# Finding the coefficients of friction

1. Apr 9, 2009

### wilson_chem90

1. The problem statement, all variables and given/known data
A box with a mass of 22 kg is at rest on a ramp inclined at 45 degrees to the horizontal. The coefficients of friction between the box and the ramp are uS = 0.78 and uK = 0.65.

a) Determine the magnitude of the largest force that can be applied upward, parallel to the ramp, if the box is to remain at rest.
b) Determine the magnitude of the smallest force that can be applied onto the top of the box, perpendicular to the ramp, if the box is to remain at rest.

2. Relevant equations

Fg = mg
Ff = ukFn
Ff = usFn

3. The attempt at a solution

I dont know where i should begin, i understand thati need to find the force of friction using static friction but I'm not sure how to start it.

2. Apr 9, 2009

### LowlyPion

You will need to draw a force diagram.
Friction is determined by the coefficient of friction times the weight that is normal (⊥ ) to the surface.

The force up the ramp then must offset both the component of weight (m*g) that points down the incline || to the surface and the force of friction determined by the coefficient of friction and the weight normal to the surface.

3. Apr 9, 2009

### wilson_chem90

alright well this is what i got for a)

Fg = mg sin45
= 22 kg (9.8 m/s^2) sin45
= 183.4 N

Ff = uSFn
= 0.78(183.4N)
= 143.1N

4. Apr 9, 2009

### LowlyPion

I think you will want to check your math again for Fg.

I will trust that you know that Fn is not based on Sin45 but Cos45, which in this case does happen to be the same.

5. Apr 9, 2009

### wilson_chem90

ohhhh sorry, it is cos eh. so it equals 113.3 N not 183.4 N.

so that means Ff = 0.78(113.3 N)
= 88.4 N

6. Apr 9, 2009

### LowlyPion

No because 183.4 in not correct.

22*9.8*(.707) is not 183.4.

7. Apr 9, 2009

### wilson_chem90

yeah sorry, i didn't have my calculator in degrees that was the problem

and i thought you mean't that it was cos, and i was pretty sure it was sin anyways

but yeah so Fg = 152 N
and Ff = 118.6 N

8. Apr 9, 2009

### LowlyPion

Well you still have to construct the equations necessary to determine the answers to a) and b).

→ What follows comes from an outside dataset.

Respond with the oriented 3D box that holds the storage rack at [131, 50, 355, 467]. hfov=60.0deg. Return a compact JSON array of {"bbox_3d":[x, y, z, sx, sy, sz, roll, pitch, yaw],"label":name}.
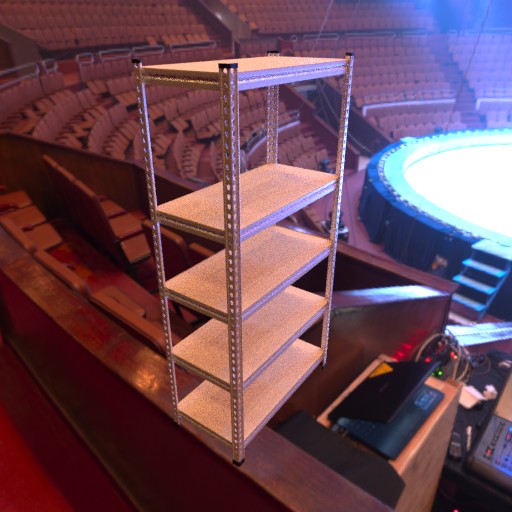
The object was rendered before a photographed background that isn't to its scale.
[{"bbox_3d":[0.000,0.000,2.215,0.457,1.829,0.914,18,32,31],"label":"storage rack"}]

I will presume that you have done that correctly.

9. Apr 10, 2009

### wilson_chem90

yeah so what i would do for a) is add the static frictional force and the gravitational force and then for b) i would do the same but use kinetic friction and subtract the 2 forces

10. Apr 10, 2009

### LowlyPion

Careful. For a) and b) It says "to remain at rest". That suggests to me that kinetic frictional considerations are not relevant. So whatever excess of normal force that is needed (times the coefficient of static friction) to offset the force of gravity that is || along the incline.

11. May 18, 2009

### wilson_chem90

sorry its been awhile since i've replied, but i understand what you mean, and understand how to get normal force but do i have to sin or cos inorder to determine it? since its perpendicular

12. May 18, 2009

### LowlyPion

I suspect this link covers it in more detail than you want:
http://www.glenbrook.k12.il.us/gbssci/Phys/Class/vectors/u3l3e.html [Broken]

Last edited by a moderator: May 4, 2017
13. May 18, 2009

### wilson_chem90

thanks, i figured it was that..
anyways this is what i got

Fn = mgcos45
= 22kg(9.8m/s^2)cos45
= 152.4 N

Ffs = FnuS
= 152.4 N(0.78)
= 118.9 N

14. May 18, 2009

### wilson_chem90

sorry i would also then subtract Fn - Ff

so it would be 152.4 N - 118.9 N
which would be 33.5 N

15. May 18, 2009

### LowlyPion

You have the force of friction, but you are apparently subtracting it from its weight.

What is the force of gravity down the incline?

Isn't that mg*sinθ ?

So for a) you have F up the incline = 118.9 + 154*sinθ won't you, because you have to overcome both gravity and friction in the up incline direction.

16. May 18, 2009

### LowlyPion

For b) consider how much additional force needs to act through the coefficient of static friction to keep it in position.

Remember that while the normal force acts perpendicular to the incline, its effect results in resistance along the incline.